In 2018, Dunk moved to Boston to train with Peter Johansson and Mark Mitchell.

=== 2019–20 season ===
Returning to the Junior Grand Prix, Dunk finished fifth at the 2019 JGP United States and sixth at the 2019 JGP Poland. Making his senior international debut at the ISU Challenger series, he won the bronze medal at the 2019 Asian Open Trophy.
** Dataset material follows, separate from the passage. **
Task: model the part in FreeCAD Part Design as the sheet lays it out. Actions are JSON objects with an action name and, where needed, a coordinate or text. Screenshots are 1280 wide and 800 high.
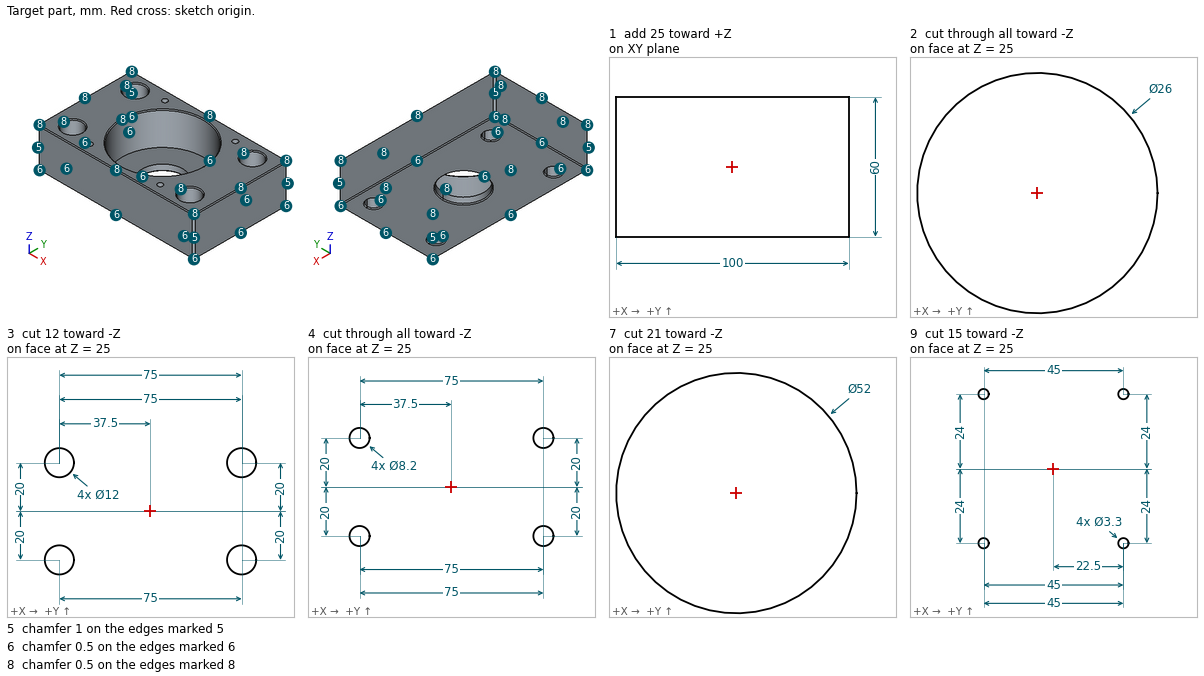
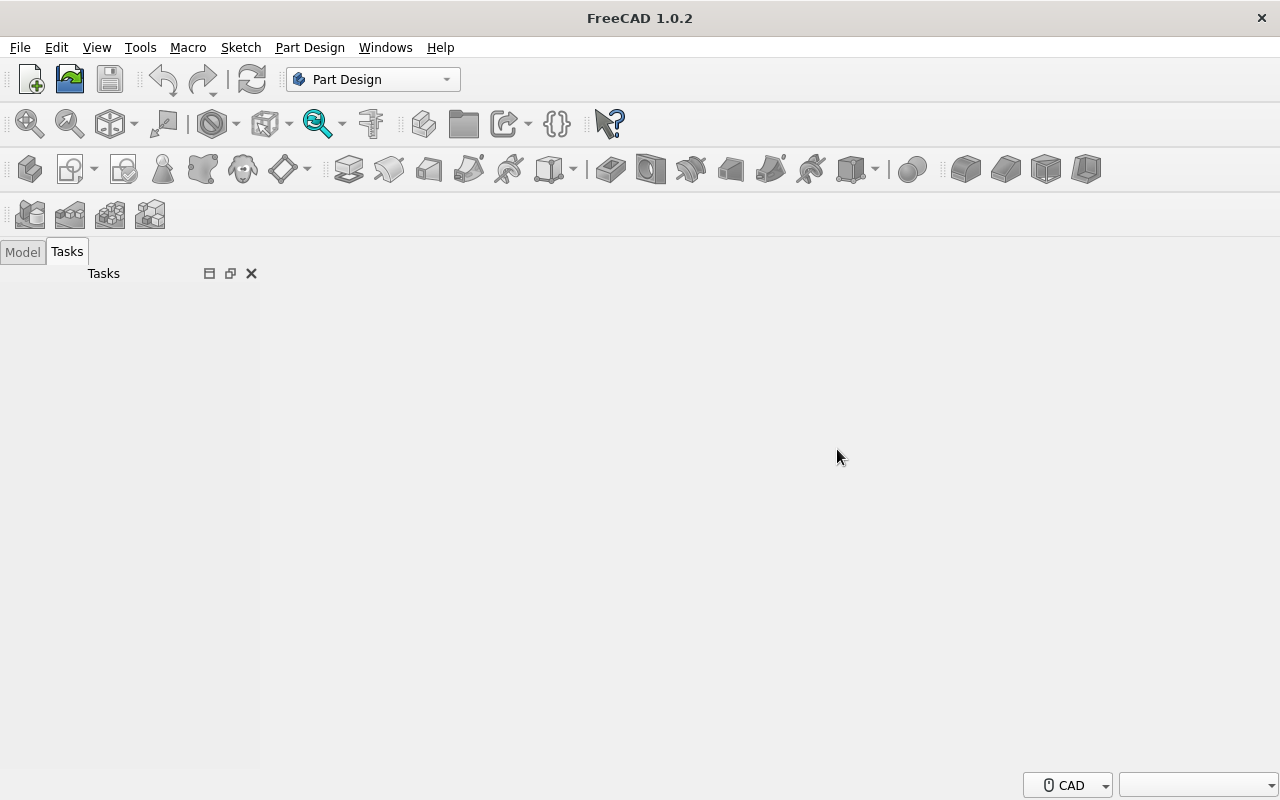
{"action": "left_click", "coordinate": [30, 80]}

He then appeared at the 2020 U.S. Championships, where he finished eleventh.

=== 2020–21 season ===
During the pandemic-limited season, Dunk's lone competition appearance was at the 2021 U.S. Championships, where he finished in eleventh place.

=== 2021–22 season ===
Dunk finished ninth at the 2022 U.S. Championships.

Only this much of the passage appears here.